As described in the complaint, the alleged plan, scheme, or combination was one "in restraint of trade," but there is no allegation that it was in restraint of trade among the several states or with foreign nations. The trade which it restrained may have been wholly intrastate. Such restraints are not forbidden by the Sherman Anti-Trust Act.
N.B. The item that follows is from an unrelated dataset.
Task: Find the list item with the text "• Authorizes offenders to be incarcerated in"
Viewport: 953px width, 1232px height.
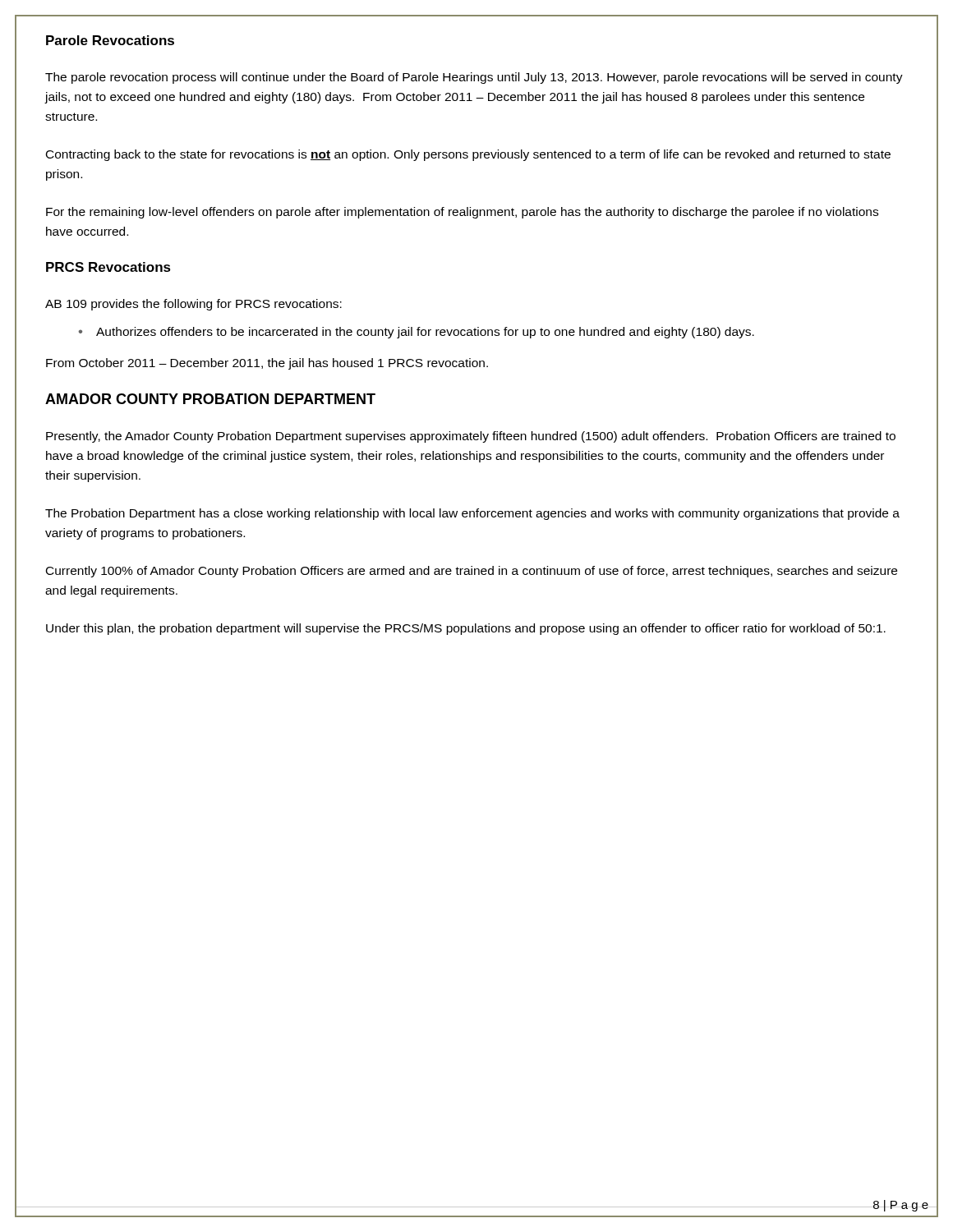Action: point(493,332)

The complaint alleges, in substance, that after entering into the above-mentioned plan, scheme, or conspiracy, defendants did certain acts in furtherance thereof. These acts consisted chiefly of instituting and prosecuting, and threatening to institute and prosecute, patent infringement suits. It is not claimed that any of these acts was, in or of itself, a violation of the Sherman Anti-Trust Act. The claim that these acts were unlawful is predicated upon the assumption that the plan, scheme, or conspiracy described in the complaint was a violation of the Sherman Anti-Trust Act. That assumption being baseless, appellant's claim is untenable.
Since the complaint, as I read it, shows no violation of the Sherman Act, I hold that it fails to state a cause of action.
I am also of the opinion that the complaint is ambiguous and uncertain in the particulars specified in appellees' demurrer. This is as good a ground of demurrer as the failure to state a cause of action. California Code of Civil Procedure, § 430; Goddard v. Metropolitan Trust Co., 9 Cir., 82 F.2d 902.
The judgment should be affirmed.
NOTES
[1] See, also, section 4 of the Clayton Act, 38 Stat. 731, 15 U.S.C.A. § 15.